Dr. Erik Hoel is one of the Forbes 30 Under 30 in science and also a New York City Emerging Writers Fellow. His writing has appeared in The Atlantic, The Baffler, and The Daily Beast, among many others. Erik received his Ph.D. in neuroscience at the University of Wisconsin-Madison, was a postdoctoral researcher at Columbia University, has held a visiting scholarship at the Institute for Advanced Study at Princeton, and is now a research professor at Tufts University where he studies consciousness and emergence.
Below, Erik shares five key insights from his new book, The World Behind the World: Consciousness, Free Will, and the Limits of Science. Listen to the audio version—read by Erik himself—in the Next Big Idea App.
1. There are two fundamental perspectives on the world.
The first is the extrinsic—this is the explanation of the world that’s about mechanism, about what causes what. An engineering diagram is extrinsic.
There’s also the intrinsic perspective on the world. Thoughts, feelings, contemplations, emotions—these are all intrinsic phenomena. The intrinsic perspective is about consciousness, or what it is like to be you.
Depending on what we want to explain, we shift fluidly between giving an extrinsic account or an intrinsic account. Sometimes, we may even accidentally use one for the other when we shouldn’t. A car breaks down and we say, “Talk to me, tell me what’s wrong, tell me what’s wrong?” But generally, such mixing is a mistake. It’s as if we have two extremely different lenses that we use to understand everyday things.
Scientists, however, do try to reconcile the two perspectives—an effort called the search for a scientific theory of consciousness. The goal is to explain what the brain does, specifically, that allows it to have all the intrinsic qualities we have, like experiencing how ice cream tastes, or how music sounds. Not just processing the information, which can be given some extrinsic account like “neuron A fired, and then neuron B fired,” but transforming that information into consciousness.
The intrinsic is often the topic of the humanities, from literature to art. In a way then, neuroscience is the bridge between the humanities and the sciences. It is only in the brain that the two perspectives are somehow, perfectly, fluidly, every day, at every waking moment, fully reconciled. It’s like we’re missing certain laws of nature—the law that governs how a certain neural firing is accompanied by, or transformed into, a certain experience. Which means there is a big hole in the middle of the world.
2. The intrinsic perspective didn’t start out fully developed (and neither did the extrinsic).
Julian Jaynes discussed this in his cult classic book, The Origin of Consciousness in the Breakdown of the Bicameral Mind. His hypothesis is that consciousness arose from the integration of the two hemispheres around the Homeric age.
It’s a wild hypothesis, and the only evidence is a careful textual analysis. While I think the support for consciousness arising in the Homeric era is very low, there is another hypothesis: that our descriptions of minds have grown increasingly deep and complex over time, just as our descriptions of the extrinsic universe has. One could go over the evidence for this forever, but it’s most salient to take a single example: essentially the same story told over and over throughout the ages.

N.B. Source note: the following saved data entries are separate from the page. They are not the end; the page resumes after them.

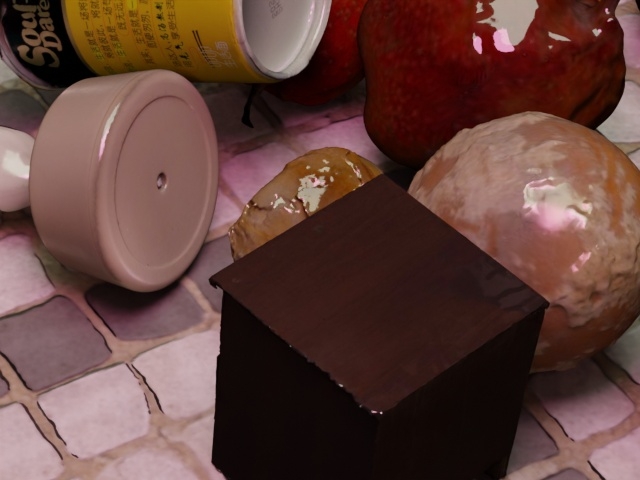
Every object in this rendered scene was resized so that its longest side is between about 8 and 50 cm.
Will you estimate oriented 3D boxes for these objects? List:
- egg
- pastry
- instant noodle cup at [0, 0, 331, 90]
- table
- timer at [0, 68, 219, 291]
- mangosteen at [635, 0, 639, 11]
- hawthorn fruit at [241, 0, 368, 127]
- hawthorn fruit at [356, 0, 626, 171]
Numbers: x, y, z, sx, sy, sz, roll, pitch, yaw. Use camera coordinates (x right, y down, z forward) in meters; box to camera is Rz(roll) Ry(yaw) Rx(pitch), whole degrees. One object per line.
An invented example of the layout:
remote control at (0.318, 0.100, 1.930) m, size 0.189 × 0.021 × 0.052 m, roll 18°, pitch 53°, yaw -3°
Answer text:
egg at (0.163, 0.001, 1.462) m, size 0.203 × 0.203 × 0.245 m, roll -8°, pitch 2°, yaw -14°
pastry at (-0.004, -0.003, 1.505) m, size 0.153 × 0.153 × 0.081 m, roll -20°, pitch 43°, yaw -24°
instant noodle cup at (-0.126, -0.215, 1.570) m, size 0.236 × 0.216 × 0.215 m, roll 9°, pitch 41°, yaw 30°
table at (0.031, 0.099, 1.369) m, size 0.169 × 0.193 × 0.172 m, roll -31°, pitch 55°, yaw -32°
timer at (-0.238, -0.059, 1.562) m, size 0.266 × 0.175 × 0.175 m, roll 7°, pitch 41°, yaw 28°
mangosteen at (0.374, -0.272, 1.790) m, size 0.192 × 0.192 × 0.217 m, roll -9°, pitch 47°, yaw -15°
hawthorn fruit at (-0.022, -0.182, 1.694) m, size 0.157 × 0.157 × 0.194 m, roll 22°, pitch 66°, yaw 16°
hawthorn fruit at (0.152, -0.155, 1.589) m, size 0.248 × 0.208 × 0.208 m, roll -18°, pitch 27°, yaw 40°

“Our descriptions of minds have grown increasingly deep and complex over time.”
We can use “The Story of the Shipwrecked Sailor,” a tale from Ancient Egypt. It’s about a shipwreck on an island that contains a monstrous snake. Here’s from a translation:
I uncovered my face and found that it was a snake that was coming. It was thirty cubits long… He opened his mouth to me while I was on my belly in his presence. He said to me, “Who brought you? Who brought you, commoner, who brought you to this island in the sea whose sides are in the water?”
“The Story of the Shipwrecked Sailor” basically gets retold throughout the millennia, so many aspects of it in later tales, like the run-in with a monster, the strange island, crop up in The Odyssey. Odysseus and his men famously wander into the cave of a dangerous cyclops. But in the Odyssey, at least some of their intrinsic perspective is actually noted and told.

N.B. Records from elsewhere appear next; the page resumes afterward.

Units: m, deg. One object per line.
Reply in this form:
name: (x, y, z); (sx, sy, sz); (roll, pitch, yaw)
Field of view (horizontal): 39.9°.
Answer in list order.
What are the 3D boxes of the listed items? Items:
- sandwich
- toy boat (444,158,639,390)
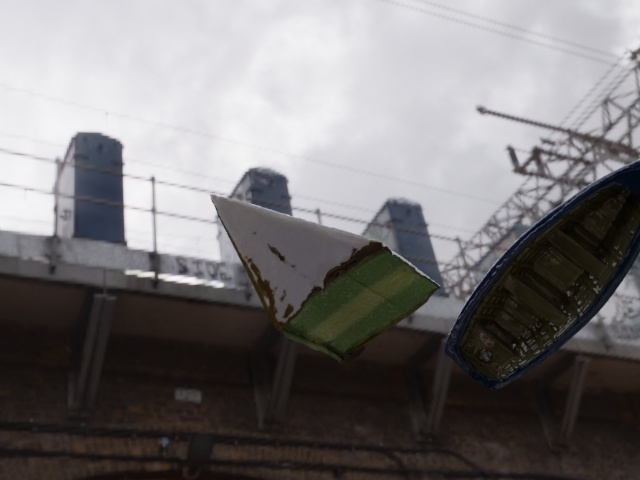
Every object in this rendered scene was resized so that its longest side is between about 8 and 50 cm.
sandwich: (0.000, 0.000, 0.512); (0.074, 0.116, 0.074); (-41, -38, 12)
toy boat: (0.179, 0.018, 0.650); (0.080, 0.046, 0.229); (38, -63, 7)
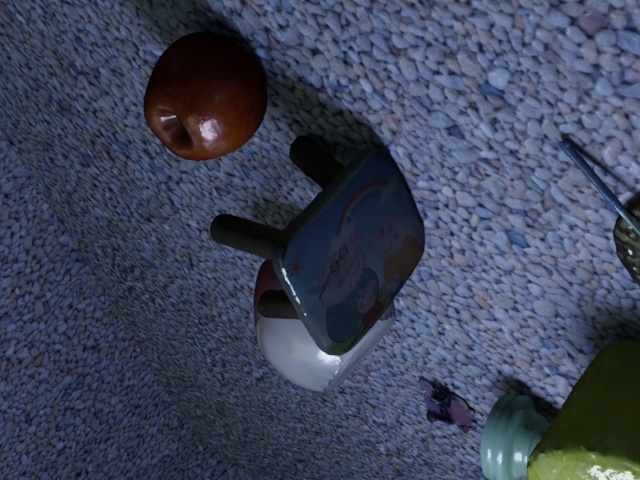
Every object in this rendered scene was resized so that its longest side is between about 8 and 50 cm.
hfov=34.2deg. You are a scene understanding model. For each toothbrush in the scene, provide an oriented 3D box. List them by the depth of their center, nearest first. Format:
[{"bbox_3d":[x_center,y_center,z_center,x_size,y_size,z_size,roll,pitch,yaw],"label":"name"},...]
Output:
[{"bbox_3d":[0.421,-0.061,1.501,0.219,0.016,0.019,50,155,5],"label":"toothbrush"}]

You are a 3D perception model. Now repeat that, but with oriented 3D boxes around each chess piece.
[{"bbox_3d":[0.493,0.433,2.106,0.299,0.194,0.194,11,144,30],"label":"chess piece"}]

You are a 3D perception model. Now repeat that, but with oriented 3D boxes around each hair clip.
[{"bbox_3d":[0.297,0.393,2.445,0.146,0.056,0.187,21,158,31],"label":"hair clip"}]

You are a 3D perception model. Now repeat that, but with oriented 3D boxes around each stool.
[{"bbox_3d":[0.000,0.000,1.888,0.226,0.310,0.310,21,149,41],"label":"stool"}]

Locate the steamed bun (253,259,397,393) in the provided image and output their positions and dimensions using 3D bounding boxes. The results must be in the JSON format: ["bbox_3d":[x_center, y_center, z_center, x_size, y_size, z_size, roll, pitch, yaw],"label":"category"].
[{"bbox_3d":[-0.016,0.143,2.166,0.309,0.309,0.309,31,154,17],"label":"steamed bun"}]

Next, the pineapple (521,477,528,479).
[{"bbox_3d":[0.494,0.552,2.330,0.237,0.186,0.114,1,158,-21],"label":"pineapple"}]

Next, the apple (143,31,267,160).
[{"bbox_3d":[-0.205,-0.255,1.859,0.218,0.201,0.218,29,145,22],"label":"apple"}]

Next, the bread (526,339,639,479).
[{"bbox_3d":[0.552,0.361,1.735,0.348,0.307,0.348,28,150,18],"label":"bread"}]

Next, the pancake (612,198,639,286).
[{"bbox_3d":[0.562,0.041,1.518,0.288,0.033,0.286,25,150,26],"label":"pancake"}]

But when he had busily performed his tasks, then he rekindled the fire, and caught sight of us, and asked: “Strangers, who are ye? Whence do ye sail over the watery ways?” … So he spoke, and in our breasts our spirit was broken for terror of his deep voice and monstrous self; yet even so I made answer and spoke to him.
Let’s look at the same encounter between a man and a beast, this time in Ulysses by James Joyce. Ulysses is, of course, a heavily modernized retelling of The Odyssey. What follows is sometimes called the “cyclops” part of Ulysses, with a pub being like the cave, and it’s also guarded by a “monster”—except it’s a dog—and owned by the “cyclops”—except it’s just a huge guy with an eyepatch.

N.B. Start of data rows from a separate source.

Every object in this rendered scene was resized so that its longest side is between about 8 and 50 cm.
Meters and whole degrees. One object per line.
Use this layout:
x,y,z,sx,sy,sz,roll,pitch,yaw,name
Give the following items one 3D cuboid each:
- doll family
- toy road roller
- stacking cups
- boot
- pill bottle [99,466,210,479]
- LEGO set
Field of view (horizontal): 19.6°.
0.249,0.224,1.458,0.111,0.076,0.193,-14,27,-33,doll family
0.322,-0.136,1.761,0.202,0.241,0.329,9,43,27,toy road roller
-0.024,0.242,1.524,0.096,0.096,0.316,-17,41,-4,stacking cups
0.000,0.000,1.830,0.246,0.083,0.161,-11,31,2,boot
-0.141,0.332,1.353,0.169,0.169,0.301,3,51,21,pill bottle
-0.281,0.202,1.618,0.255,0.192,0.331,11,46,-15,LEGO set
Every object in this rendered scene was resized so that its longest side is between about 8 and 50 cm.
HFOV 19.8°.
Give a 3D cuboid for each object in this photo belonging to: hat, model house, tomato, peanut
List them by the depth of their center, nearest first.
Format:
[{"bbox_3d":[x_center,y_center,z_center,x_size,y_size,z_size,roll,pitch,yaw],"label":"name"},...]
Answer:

. . . and there sure enough was the citizen [“cyclops”] up in the corner having a great confab with himself and that bloody mangy mongrel, Garryowen, and he waiting for what the sky would drop in the way of drink.
There he is, says I . . .
The bloody mongrel let a grouse out of him would give you the creeps. Be a corporal work of mercy if someone would take the life of that bloody dog. I’m told for a fact he ate a good part of the breeches off a constabulary man in Santry that came round one time with a blue paper about a licence.
That’s the development of the intrinsic perspective, from what is a flat and unemotional reaction to a legitimate monster to describing every speck of thought in reaction to a common dog.
3. Reconciling the two perspectives requires a science of consciousness.
In the modern age, the two perspectives on the world are highly developed. We can talk about minds with ease, we can talk about atoms with ease. But the perspectives are extremely different. So how do we reconcile them?
That’s the job of what’s called the search for a scientific theory of consciousness. It was originally pioneered by two titans of science: Francis Crick and Gerald Edelman, both of whom won the Nobel Prize (for different reasons). They both fixated on consciousness as one of the last big unanswered questions in science: How does the brain generate experiences? Sensations? Thoughts? While this may seem the obvious goal of neuroscience, for a long time consciousness was verboten in science. It was worried that if the intrinsic perspective was allowed in, this might shatter the extrinsic one that science is based on.
“There is no well-supported theory of consciousness.”
However, the good thing about winning a Nobel Prize is you can do whatever you want. So both men did, and through their efforts, they established the subfield of neuroscience that studies consciousness.
Their approaches were different. Francis Crick, co-discoverer of the structure of DNA, took a more conservative approach and began the search for what he called the “neural correlates of consciousness.” The idea was to examine the brain and look for correlations between neural activity and experiences, and that a theory would follow empirical work. Comparatively, Edelman wanted a big theoretical leap forward, and then to support them with empirical work.
Two houses of research, if you will, one for Crick, the other for Edelman. While both have shown promise, ultimately as it stands, there is no final conclusion. There is no well-supported theory of consciousness. But thanks to them we have some guesses, some theories, and a growing scientific field.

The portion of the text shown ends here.